Per the article: “Libya’s fractured governance deters Western investment and engagement. The United States has prioritized counterterrorism and migration control over state-building in Libya, while the EU remains divided over the best approach. The absence of cohesive Western policy has opened the door to alternative actors—including Russia, Turkey, and increasingly, China.”
So the Chinese, sneaky as ever, have a plan and we don’t. Perhaps when the dust settles (literally) in Iran, Mr. Trump can figure out how to respond in Libya. It’s going to become important.
What happens in default?
It’s not like China gets to foreclose on a country.
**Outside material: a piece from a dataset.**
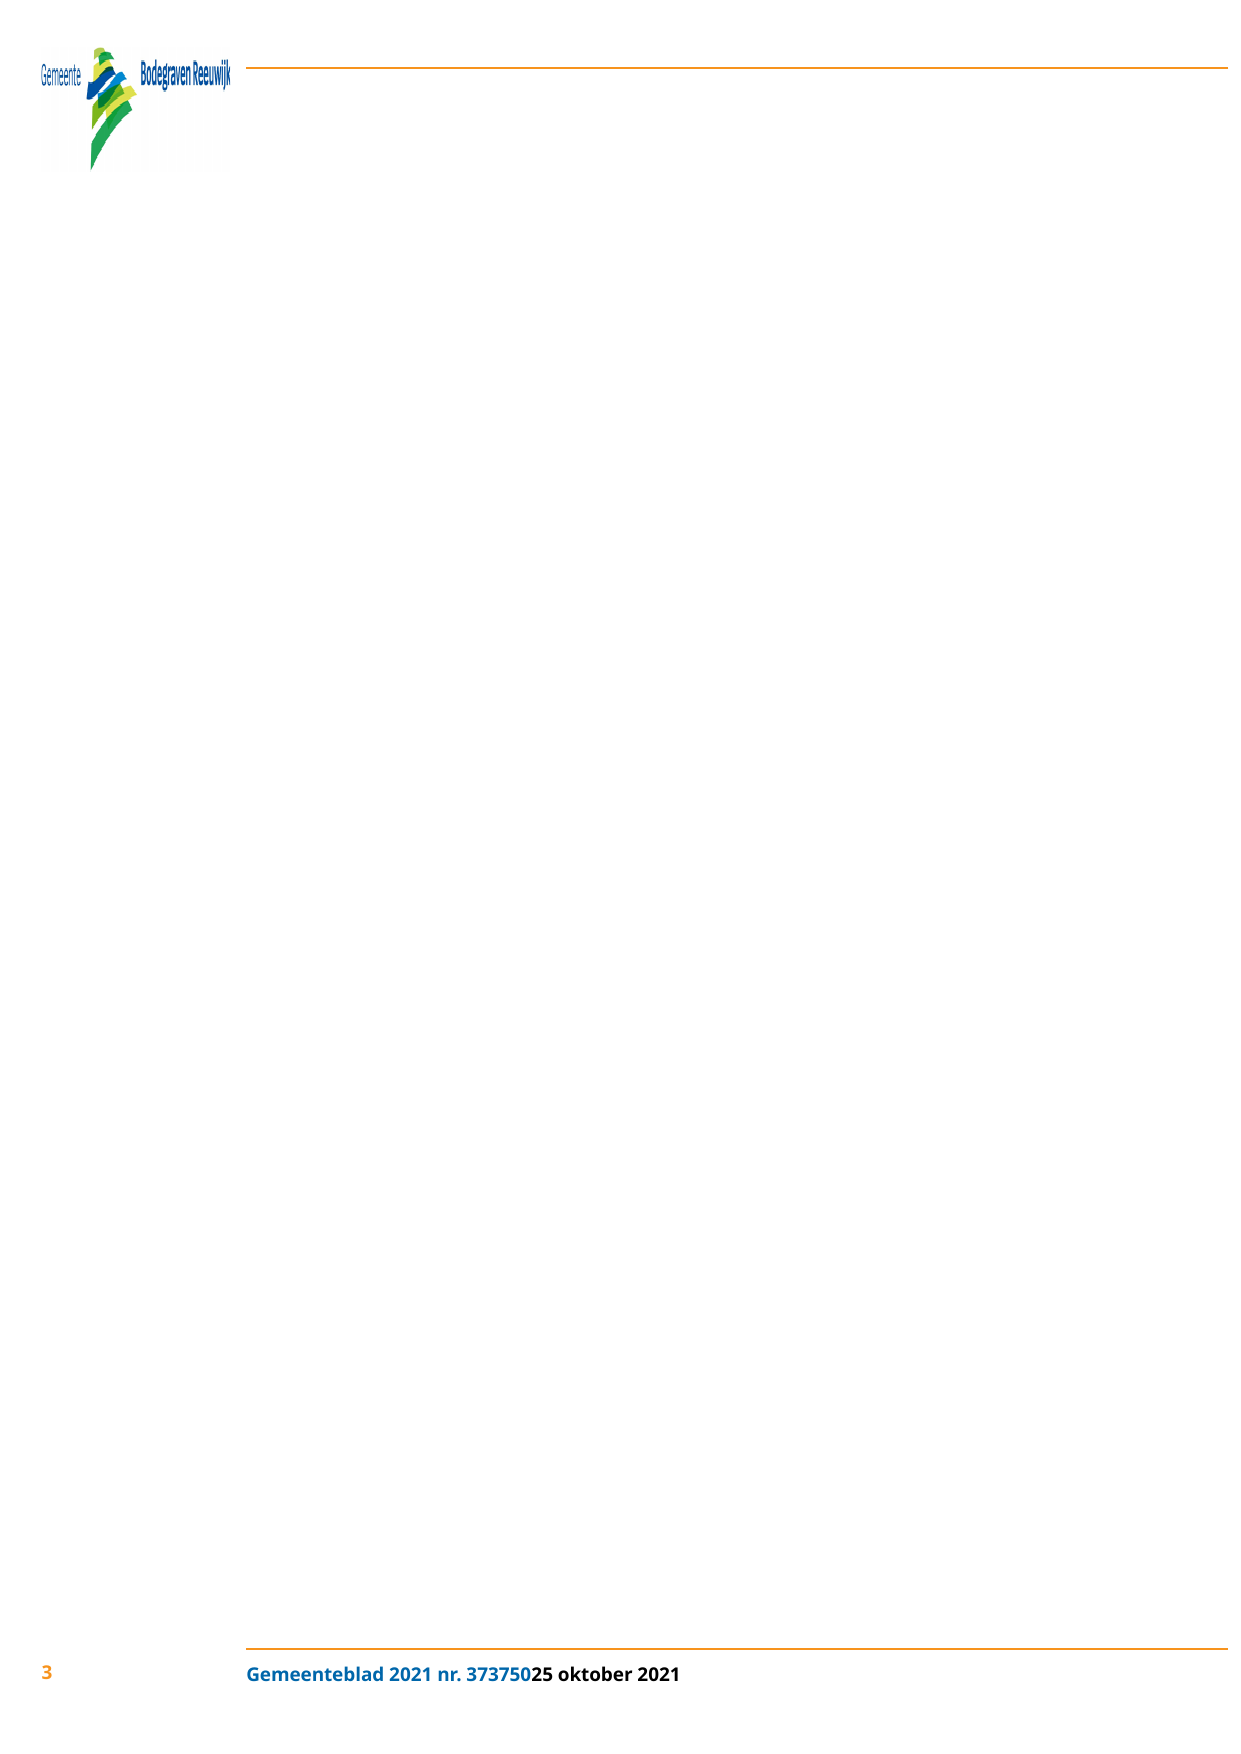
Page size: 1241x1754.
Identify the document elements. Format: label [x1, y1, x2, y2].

picture [41, 47, 231, 172]
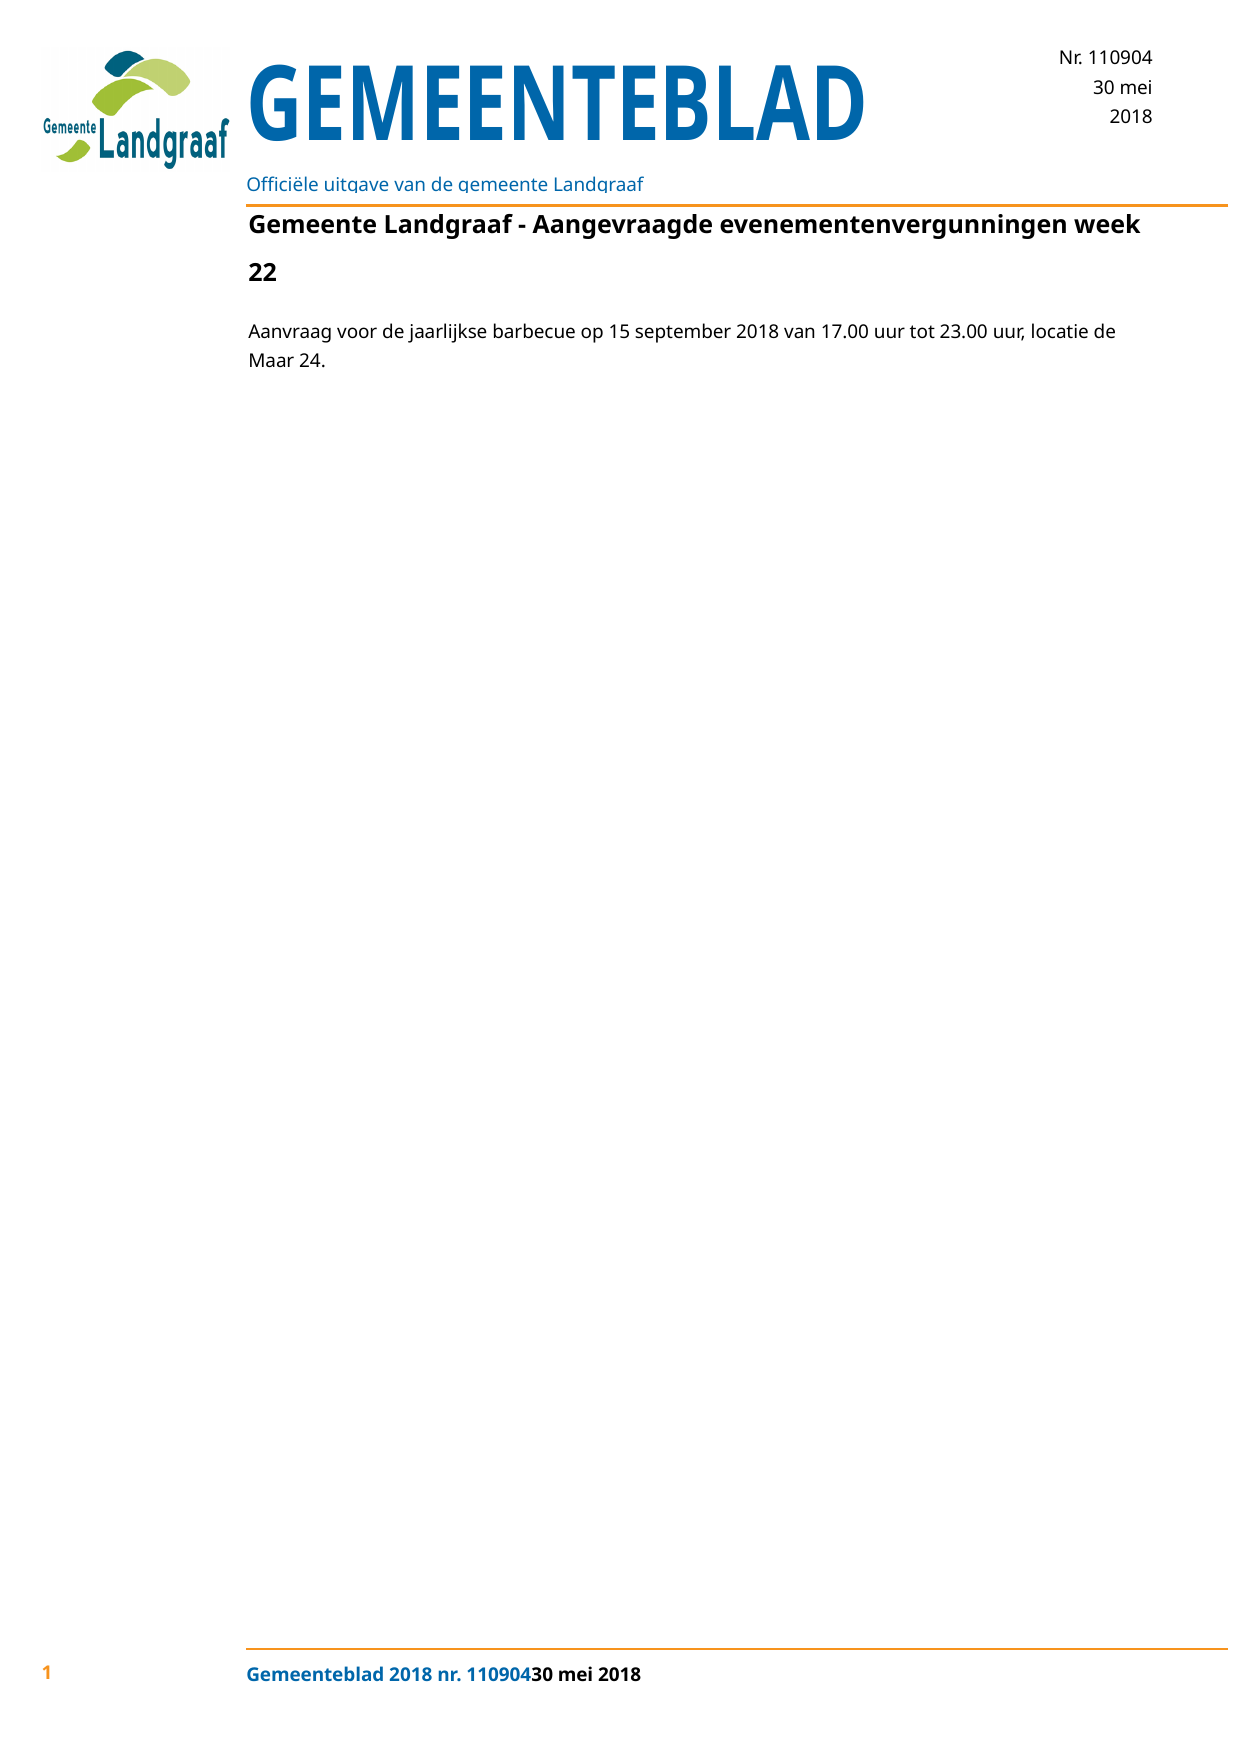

It’s like lending your broke friend money… good luck with that!
So what happens when they don’t get paid?
The Chinese didn’t foreclose on all of Sri Lanka.
They just took the port they had built at Hambantota.
*******
I’m posting this from my laptop. A while ago I attempted something similar from my iPhone. Then nothing happened when I hit Submit. In general, my access to this site from my phone has degraded considerably.
Anyone else having comparable problems?
90% of Iran’s oil exports currently go to China.
The CCP needs an insurance policy.
When it is up and running, how much of the refined petroleum products from Tobruk will be going to Europe?
There is another alternative to Libyan or Russian oil/gas and that is Israel which I think is partnered with one of Cyprus’s. The linchpins though are Turkey which wants to claim part of the field and the US which doesn’t want a pipeline built or so I read What else is new.
As for China, maybe MacArthur was right and we should have nuked them over Korea when we had a real chance to nip that country in the bud. China is a real problem on almost every dimension and the fact that most Americans and most politicians of both parties don’t recognize that is disheartening.
America’s potentially fatal strategic mistake was to think that a Communist China could ever be a friend and trustworthy partner. The CCP knows it is the world’s last, best hope for 20th century totalitarianism, and is acting very intelligently to do what it can to keep the dreams of Marx, Lenin, Stalin, Mao, and the recently discovered Hitler alive.